There was a time — roughly the decade after Moneyball — when simply having an analytics department was a competitive advantage. Hire three smart people, buy the tracking data, and you could find undervalued players before your rivals finished arguing about grit.
That era is over. Everyone has the data now. Every club, every franchise, every ambitious college programme employs people who can tell you the expected value of a fourth-down decision or the true finishing skill hiding inside a hot streak. When everybody has the same weapons, the weapons stop deciding the war.
The edge moved, it didn't disappear
The interesting question is where the advantage went. And increasingly, the answer looks embarrassingly old-fashioned: it went back to people.
Not "people" in the vague scouting-romantic sense — people as in the messy, reactive humans who have to live inside the systems the models design. A perfectly optimal shot diet is worthless if the star who's asked to give up his favourite shots sulks his way through February. A pitching plan built on optimal rest is worthless if the veteran doesn't trust the kid telling him when he's allowed to throw.
The clubs that win the next decade won't be the ones with the best models. They'll be the ones best at getting humans to actually do what the models suggest — or smart enough to know when the model should lose the argument.
Measurement changes the measured
There's a second-order problem that analytics departments talk about privately and almost never publicly: players adapt to being measured, and not always in the ways you want.
Tell a midfielder he's judged on progressive passes and watch him start forcing them.

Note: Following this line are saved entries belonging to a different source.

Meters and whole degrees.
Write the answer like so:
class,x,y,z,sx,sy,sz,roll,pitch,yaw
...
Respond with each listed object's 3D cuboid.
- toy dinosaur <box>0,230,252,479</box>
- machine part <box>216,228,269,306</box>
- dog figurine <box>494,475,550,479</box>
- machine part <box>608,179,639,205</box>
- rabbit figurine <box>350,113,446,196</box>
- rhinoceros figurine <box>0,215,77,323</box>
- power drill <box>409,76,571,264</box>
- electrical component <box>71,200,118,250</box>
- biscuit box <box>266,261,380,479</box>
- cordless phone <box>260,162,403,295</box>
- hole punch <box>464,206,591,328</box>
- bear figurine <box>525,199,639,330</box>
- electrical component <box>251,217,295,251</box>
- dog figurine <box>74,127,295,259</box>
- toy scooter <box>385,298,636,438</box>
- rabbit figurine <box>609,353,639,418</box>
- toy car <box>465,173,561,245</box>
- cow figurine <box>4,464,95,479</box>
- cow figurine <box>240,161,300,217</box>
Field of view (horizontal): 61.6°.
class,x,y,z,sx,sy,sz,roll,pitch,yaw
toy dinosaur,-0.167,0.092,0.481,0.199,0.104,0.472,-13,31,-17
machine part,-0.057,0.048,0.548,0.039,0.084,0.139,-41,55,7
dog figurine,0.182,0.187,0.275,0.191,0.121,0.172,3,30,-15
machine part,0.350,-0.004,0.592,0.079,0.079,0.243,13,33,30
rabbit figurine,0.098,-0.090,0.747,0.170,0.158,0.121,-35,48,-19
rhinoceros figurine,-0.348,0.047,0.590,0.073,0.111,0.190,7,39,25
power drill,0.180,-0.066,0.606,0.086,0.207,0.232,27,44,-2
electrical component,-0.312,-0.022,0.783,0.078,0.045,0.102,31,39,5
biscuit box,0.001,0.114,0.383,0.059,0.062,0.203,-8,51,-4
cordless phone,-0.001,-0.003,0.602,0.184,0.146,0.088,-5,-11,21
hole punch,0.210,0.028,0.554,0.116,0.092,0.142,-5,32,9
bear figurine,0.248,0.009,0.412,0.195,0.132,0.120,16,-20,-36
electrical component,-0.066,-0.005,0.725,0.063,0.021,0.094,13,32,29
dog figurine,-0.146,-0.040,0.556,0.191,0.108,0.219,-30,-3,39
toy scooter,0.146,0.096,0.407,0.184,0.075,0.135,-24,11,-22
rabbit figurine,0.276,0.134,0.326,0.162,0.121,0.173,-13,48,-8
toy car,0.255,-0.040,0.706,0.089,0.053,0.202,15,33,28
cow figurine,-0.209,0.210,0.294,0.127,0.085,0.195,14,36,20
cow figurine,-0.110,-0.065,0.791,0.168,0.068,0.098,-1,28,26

Tell a defender his recovery speed is tracked and watch him gamble less — even when gambling was what made him special. Metrics don't just observe behaviour; they bend it. Goodhart's law — when a measure becomes a target, it ceases to be a good measure — was written about economics, but it might as well be pinned to every dressing-room door.
The sophisticated operations know this and design around it. They obscure some metrics from players entirely, translate others into language that preserves instinct, and accept a little statistical inefficiency in exchange for a footballer who still plays like himself.

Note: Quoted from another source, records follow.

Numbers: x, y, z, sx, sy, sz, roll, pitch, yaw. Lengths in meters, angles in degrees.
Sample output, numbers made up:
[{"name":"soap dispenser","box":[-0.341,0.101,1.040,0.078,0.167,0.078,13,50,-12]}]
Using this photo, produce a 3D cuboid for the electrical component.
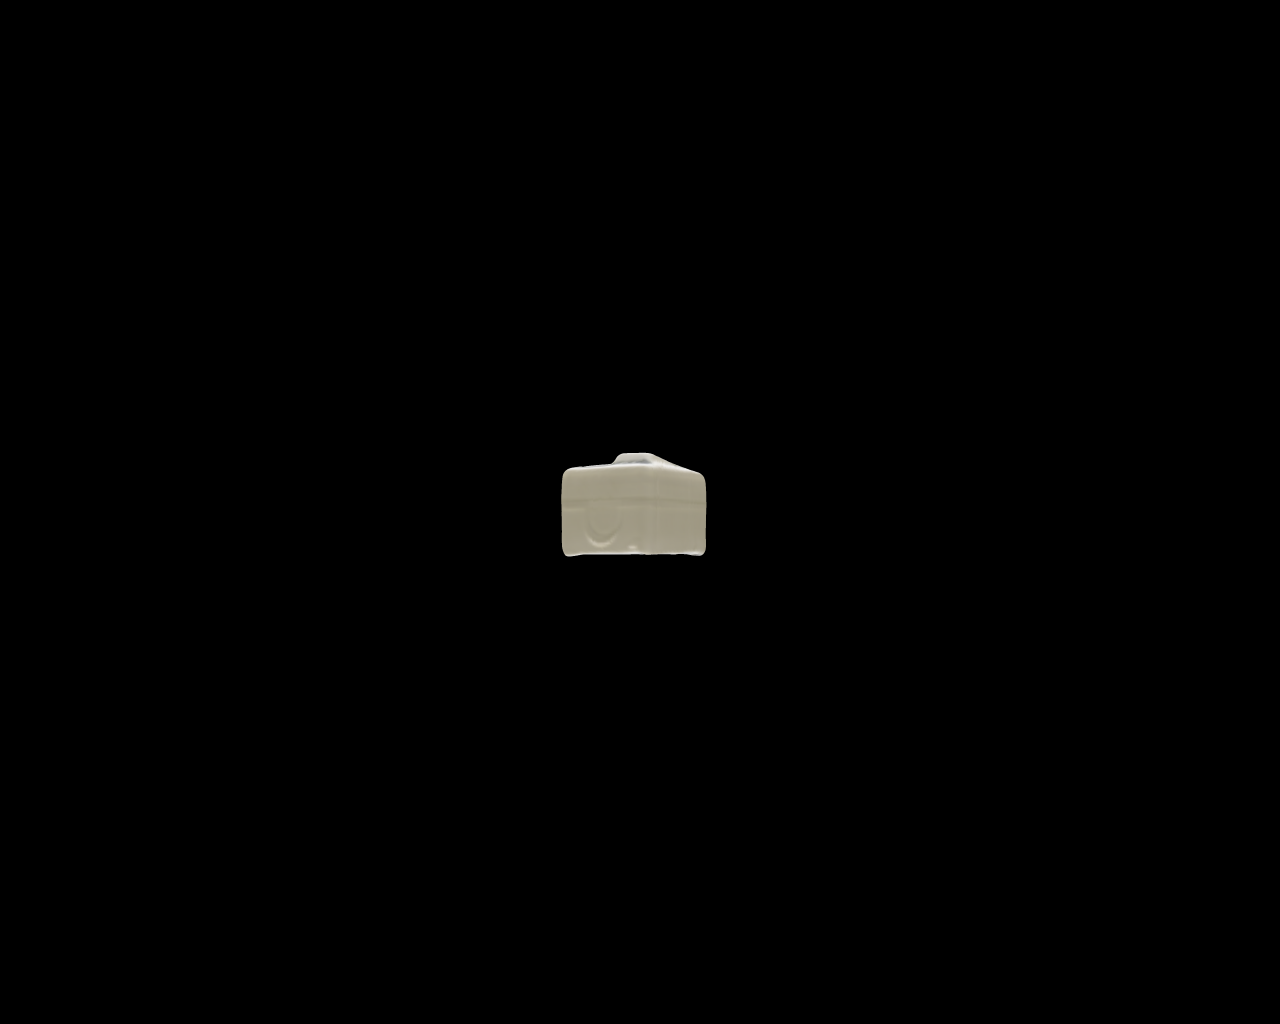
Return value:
[{"name":"electrical component","box":[0.001,-0.003,0.650,0.062,0.061,0.096,-1,-2,28]}]

The translator is the most valuable hire
Which points to the actual scarce resource in modern sport: translation. The person who can sit between the model and the manager — who understands the maths well enough to respect it and the sport well enough to know what it can't see — is worth more than another PhD on the data-science team.

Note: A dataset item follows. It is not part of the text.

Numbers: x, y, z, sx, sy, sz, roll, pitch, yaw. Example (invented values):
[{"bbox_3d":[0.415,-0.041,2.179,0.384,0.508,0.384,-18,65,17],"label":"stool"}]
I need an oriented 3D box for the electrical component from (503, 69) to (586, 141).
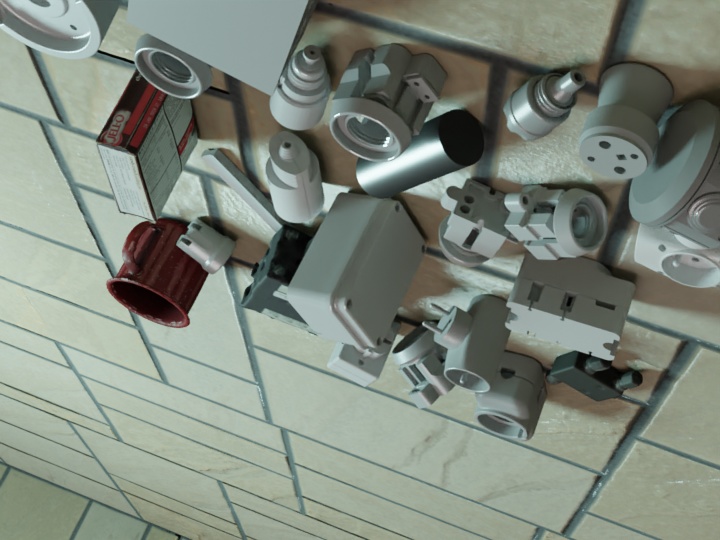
[{"bbox_3d":[0.118,-0.106,0.669,0.035,0.035,0.061,31,152,-14],"label":"electrical component"}]

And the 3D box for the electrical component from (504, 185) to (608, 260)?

Most analytical failures in sport aren't modelling failures. They're communication failures: a correct insight delivered in a way that guarantees it gets ignored, or a fragile finding delivered with confidence it never deserved.
The next frontier is boringly human
So if you're looking for the next Moneyball, don't look at the data. Look at the interface between the data and the humans. Sleep science that players actually follow. Load management that stars don't resent. Feedback loops that make a 19-year-old want more information instead of less.
The spreadsheet revolution was real, and it's finished, in the way all successful revolutions finish: by becoming the establishment. What's left is the oldest problem in team sport — getting talented people to buy in — and no dashboard has ever solved it.